ICCL is based on curriculum learning, which was originally introduced by Bengio et al. (2009) as a method that progressively raises the difficulty of data samples during training. Many studies have demonstrated the efficacy of curriculum learning in different models and tasks. Since instruction-tuned LLMs have shown remarkable proficiency in understanding human intentions and generating human-like text, researchers have started integrating curriculum learning during instruction tuning. However, research on the effectiveness of curriculum learning within ICL remains limited. Some methods that gradually prompt LLMs, such as Chain of Thought (CoT), have significantly enhanced the model's ability to perform complex reasoning. This inspires the application of curriculum learning for ICL.
LLMs with varying performance are treated as students with varying learning abilities, and a human educator plays the role of a facilitator, guiding the learners through the curriculum. Under the human-led curriculum, the models are gradually prompted to solve complex tasks. The paper proposes ICCL, which includes two roles: curriculum constructor and curriculum learner. The curriculum constructor, which could be either human experts or LLMs, ranks the demonstrations based on their comprehension of difficulty. Subsequently, the learner is guided in progressively solving tasks.
The main contributions of this paper are: (1) Proposing ICCL, a straightforward and effective demonstration ordering method, and validating its effectiveness for open-source LLMs. (2) Using perplexity as the metric to assess the difficulty of demonstration, which outperformed many superior demonstration ordering methods. (3) Comparative analysis indicates that the ICCL capability of LLMs is developed during the instruction-tuning stage.

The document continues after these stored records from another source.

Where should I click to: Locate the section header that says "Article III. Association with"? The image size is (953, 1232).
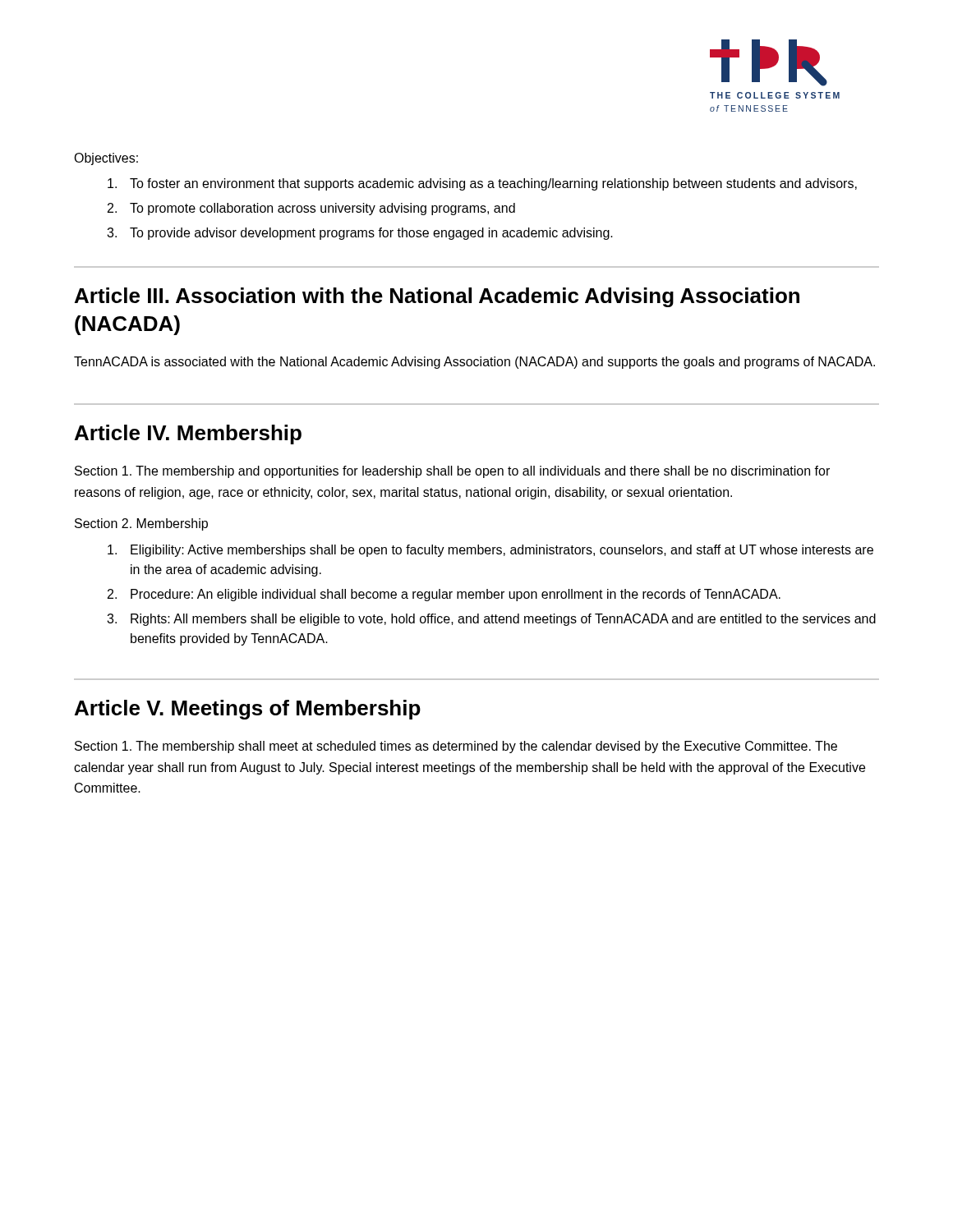tap(437, 310)
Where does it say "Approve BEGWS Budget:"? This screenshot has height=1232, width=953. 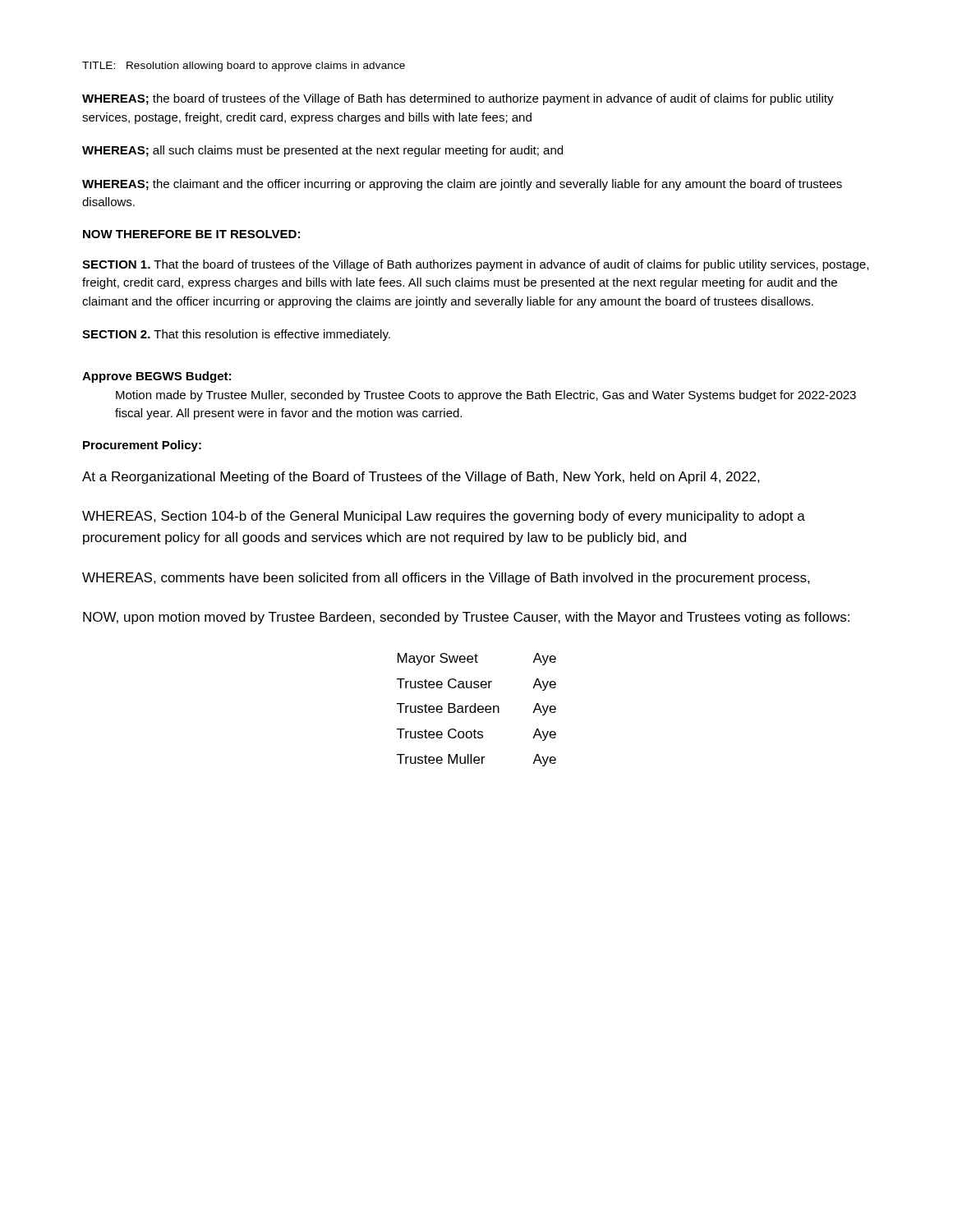[x=157, y=375]
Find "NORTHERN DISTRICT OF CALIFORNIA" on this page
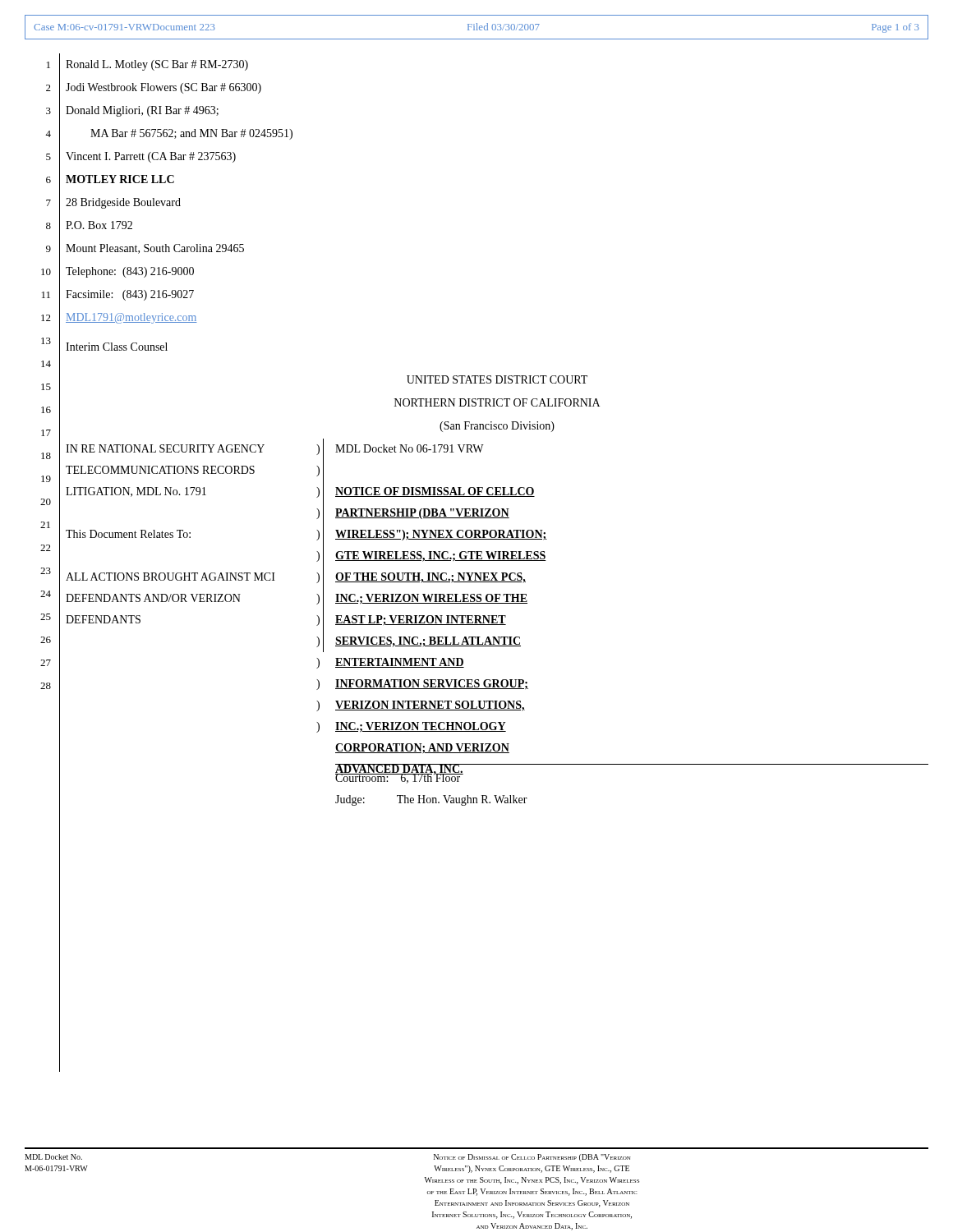The height and width of the screenshot is (1232, 953). 497,403
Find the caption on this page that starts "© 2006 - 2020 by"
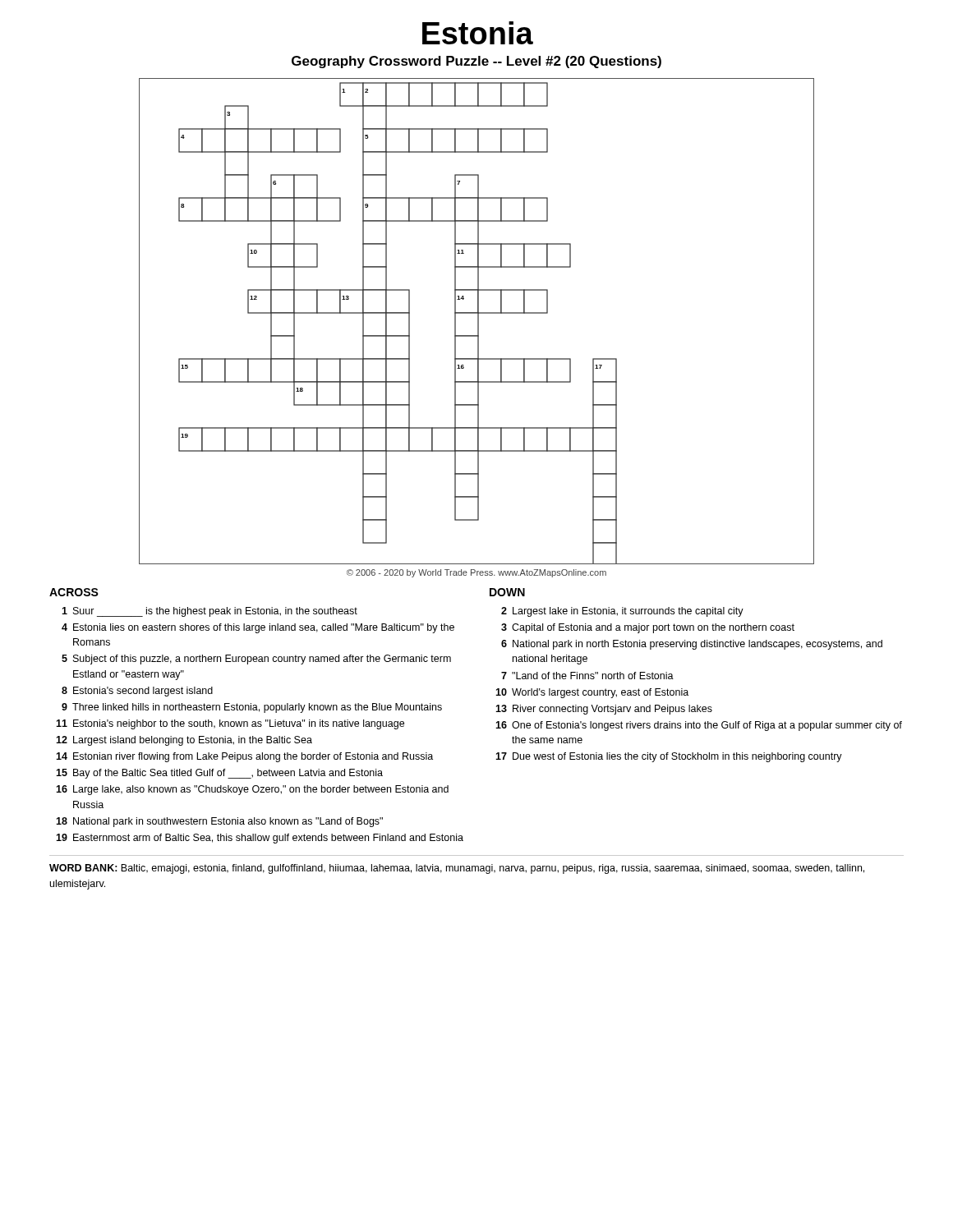 [x=476, y=573]

The paper evaluates ICCL on three scientific datasets: SciCite, SciNLI, and SciERC. The results show that ICCL outperforms other corpus-level methods and instance-level baselines. The performance of ICCL is stable across all LLMs and NLP tasks compared to the random baseline. The paper also explores the formation mechanism of ICCL capability, showing that it is most likely acquired during the instruction-tuning stage. The paper concludes that gradually increasing the complexity of demonstrations in prompt can achieve better performance.